The 7-Tesla MRI magnet is the heart of the Azrieli National Institute. A device that is at the very cutting edge of MRI technology, acquisition of the 7-Tesla MRI was completed based on the recommendation of an expert team of Weizmann scientists and technicians, who traveled to different sites around the world in order to test the equipment. Composed of many complex components, the system's installation, activation, and use requires close and ongoing cooperation between the developers/vendors and scientists associated with the Azrieli National Institute. To support smooth integration of the 7-Tesla MRI into the Institute's research program, a physicist and technician from the vendor will be placed on campus for the first five years of operation.

Annual Azrieli lecture in brain imaging

The first annual Azrieli lecture in brain imaging took place on May 2017.  The speaker was Bruce Rosen, MD, PhD, a world-leading expert in functional neuroimaging who is Professor of Radiology at Harvard Medical School, Professor of Health Science and Technology at the Harvard-MIT Division of Health Sciences and Technology, and also serves as Director of the Athinoula A. Martinos Center for Biomedical Imaging at Massachusetts General Hospital.  Prof. Rosen's lecture was entitled "Pushing the Limits of Human Neuroimaging" and was attended by a many of the leading figures in Israel's brain imaging community.

 

Sweet boys and the taste of truth

The neural encoding of abstract concepts, such as truth and justice, would seem to be further removed from the sensory perception areas of our brain than more concrete words, such as apple and leaf, which trigger visual, tactile, aromatic, and other sensory impressions. Nevertheless, based on a number of recent studies, neuroscientists have been arguing with increasing strength that the brain does indeed encode abstract concepts in sensorimotor circuitry.

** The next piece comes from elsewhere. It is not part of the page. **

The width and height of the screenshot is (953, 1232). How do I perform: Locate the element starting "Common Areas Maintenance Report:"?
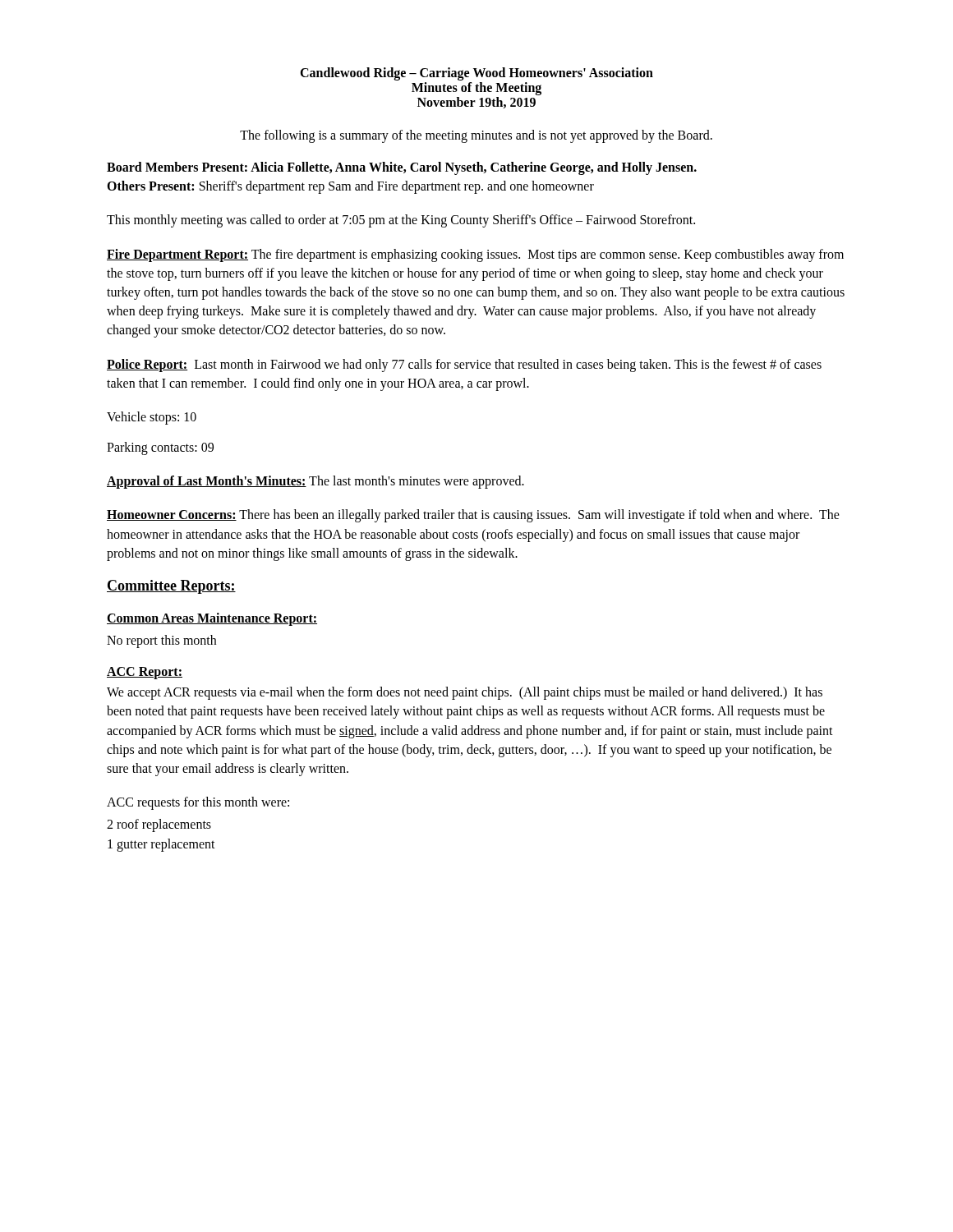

In this article, Prof. Rafi Malach and his colleagues focused on the embodiment of a set of abstract concepts they call connotations — such as “sweet” in “sweet boy,” where the adjective has been abstracted away from its concrete meaning (i.e., the boy doesn’t literally taste of sugar).

The scientists reviewed evidence from recent studies suggesting that emotion, body, and language are three factors required to understand how neural circuits represent connotations. They then propose a theoretical model to explain how these three factors contribute to the emergence of connotations, formulate a computational model of the theoretical model, and test their model in a task involving the automatic identification of connotations. The results support their model, which suggests that embodiment - via emotion, body, and language — plays a role in how the brain encodes abstract connotations.